Un’ora dopo, la casa di R.[uggero] C.[agnazzo] fino a pochi istanti prima
alloggio suo, di E.[lio] G.[alluzzi] e mio, nonché dei due capitani inglesi,
veniva perquisita e saccheggiata. Lasciammo Pesaro come Dio volle, tra le maglie
di una sorveglianza appositamente approntata, rinunciando a servirci di quella
base di imbarco. (Bruno Vailati in: I generali inglesi clandestini a Cervia /
Giovanni Vicari. – Verrucchio : Pazzini, 1990)
La seconda sera arrivò Cagnazzo (…) con la notizia che l’intero progetto era andato a monte (…) Avevamo perso la speranza e decidemmo lì per lì di andare verso il Sud, a Cingoli, con Arpesella ed un suo amico, l’avvocato Juliani [Celestino Giuliani]. Ci era stato detto che a Cingoli c’era una stazione radio clandestina in contatto con le truppe alleate. (Da: Autobiografia di un soldato : pagine dal diario del tenente generale Philip Neame. In: La Romagna e i generali inglesi : 1943-1945 / a cura di Ennio Bonali e Dino Mengozzi. – Milano : Angeli, c1992)
Venuti a conoscenza del fallimento del nuovo piano, i
generali, su suggerimento di Pietro Arpesella, decisero di andare a Cingoli,
dove era funzionante un collegamento radio con le truppe alleate.

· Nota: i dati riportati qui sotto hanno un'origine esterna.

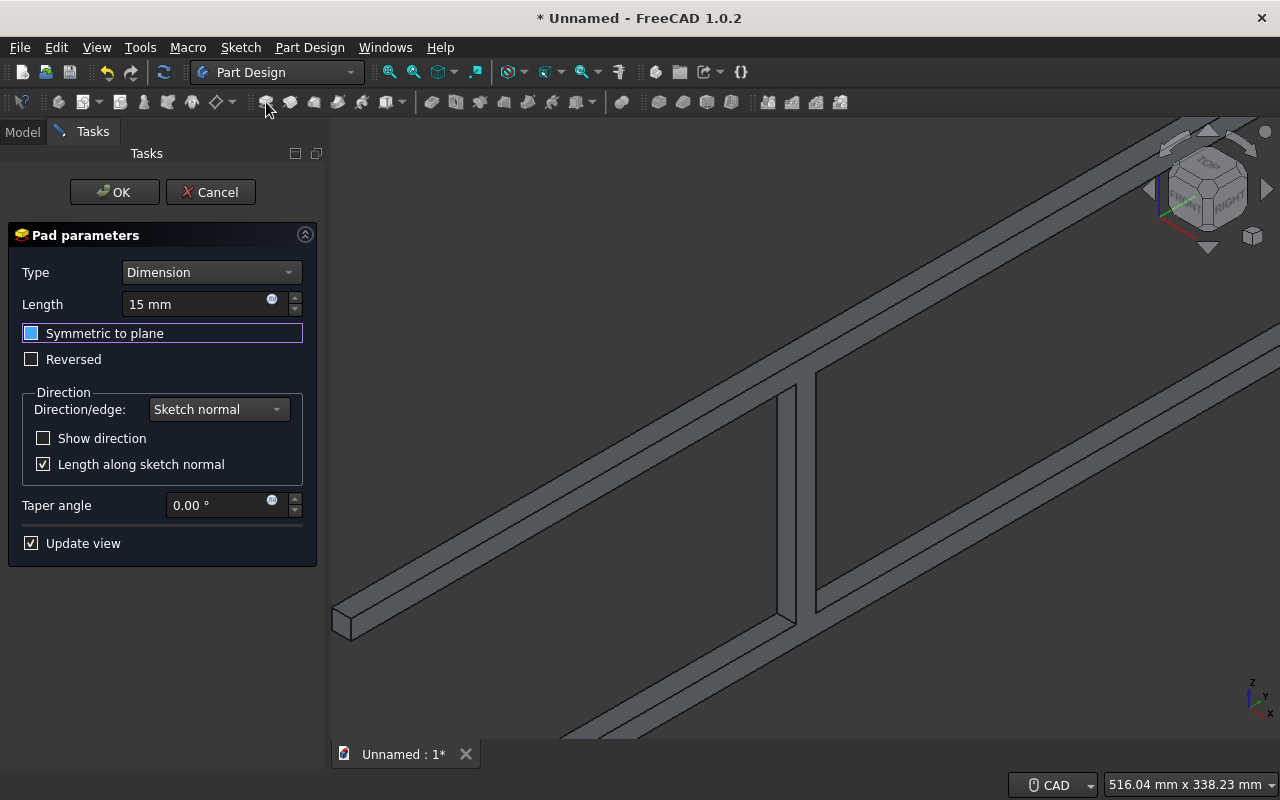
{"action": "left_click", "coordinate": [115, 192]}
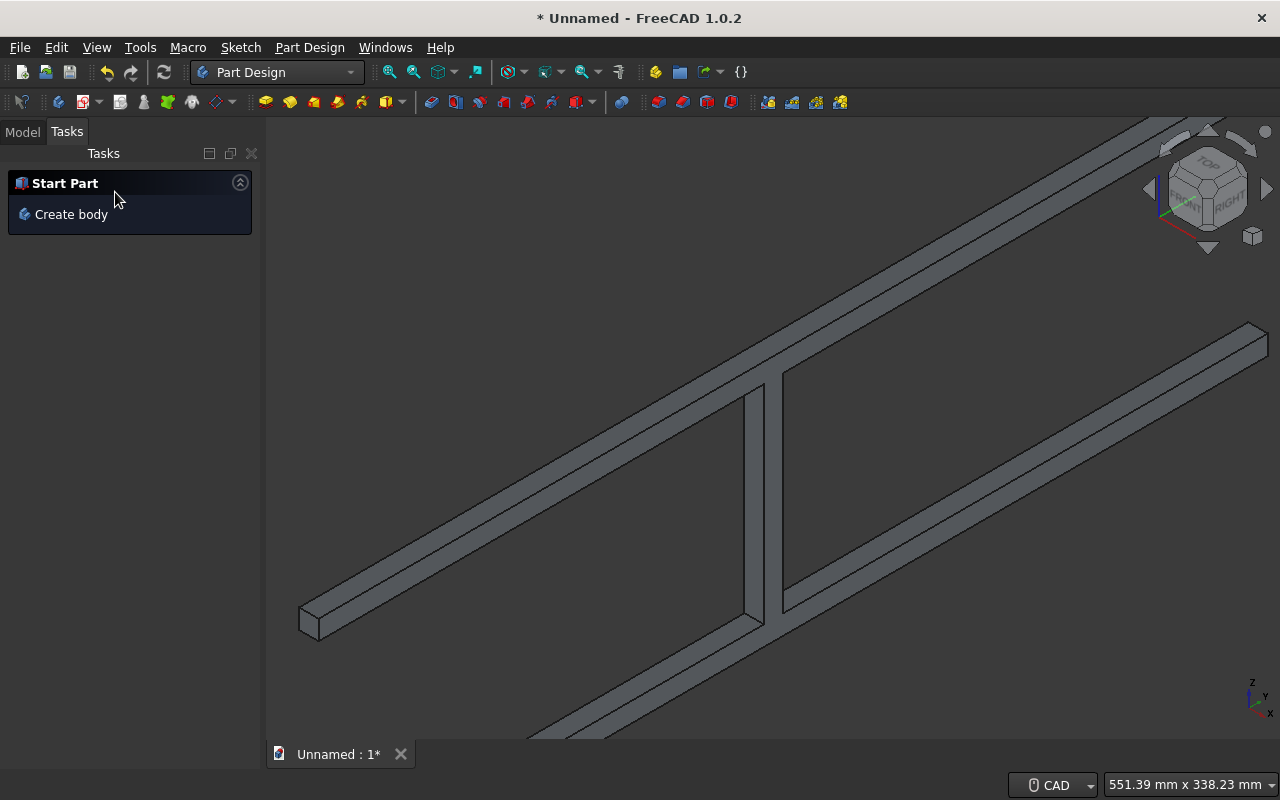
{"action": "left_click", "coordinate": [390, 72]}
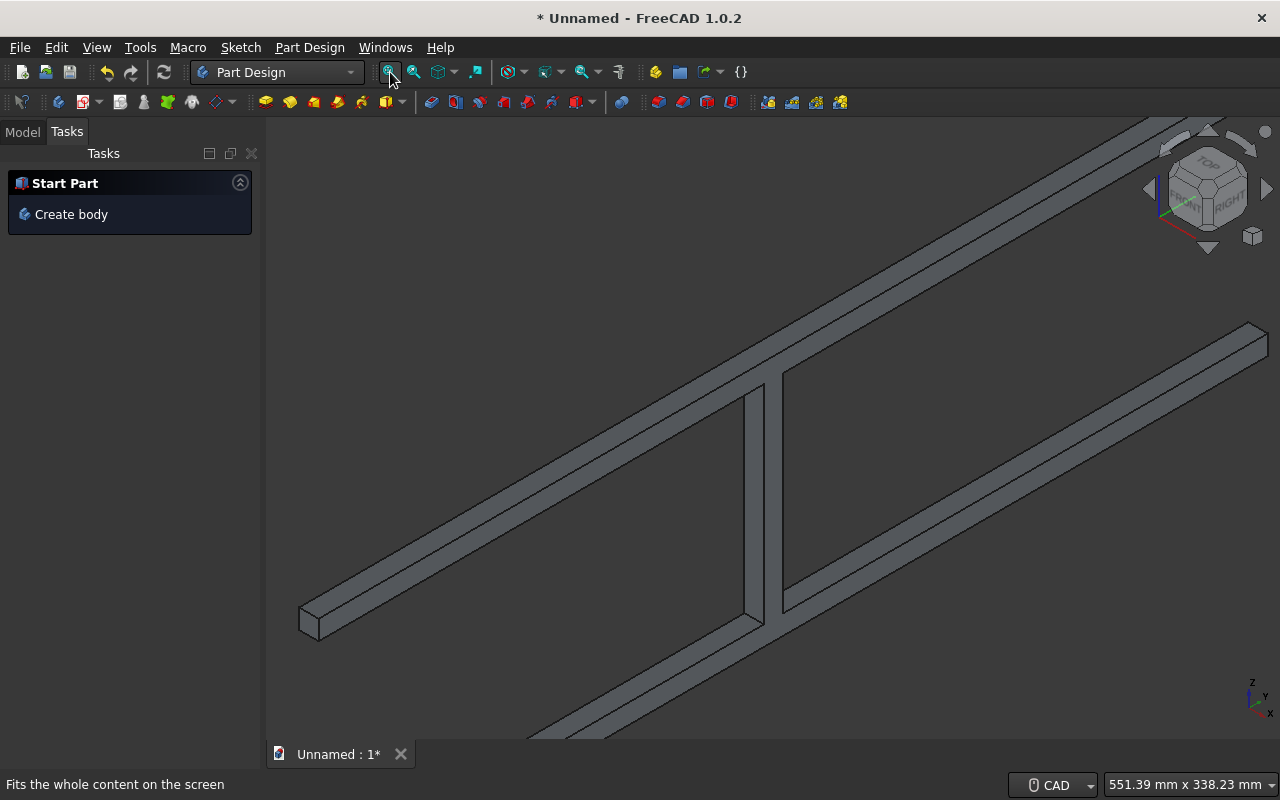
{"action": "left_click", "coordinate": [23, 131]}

In compagnia
di Vailati raggiunsero Cingoli, con la stessa macchina a noleggio che avevano
già utilizzato in precedenza.
Il 10 dicembre prendemmo l’ardire di scendere in macchina a Cingoli ed avemmo un
colloquio con un colonnello italiano e col generale [Ettore] Ascoli, che stavano
organizzando bande partigiane in quella zona. Io stesso mandai un messaggio
radio diretto al generale Montgomery per chiedergli di mandare a porto Civita
Nova una nave da guerra britannica per raccoglierci. Ancora una notte
trascorremmo tre notti scomodissime chiusi in una casa disabitata e il nostro
soggiorno, proprio sopra una stalla, puzzava orribilmente. Tutti noi avevamo
avuto una brutta tosse e raffreddore (…) fu proprio lì che ebbi il mio peggiore
attacco. (Da: Autobiografia di un soldato : pagine dal diario del tenente
generale Philip Neame. In: La Romagna e i generali inglesi : 1943-1945 / a cura
di Ennio Bonali e Dino Mengozzi. – Milano : Angeli, c1992)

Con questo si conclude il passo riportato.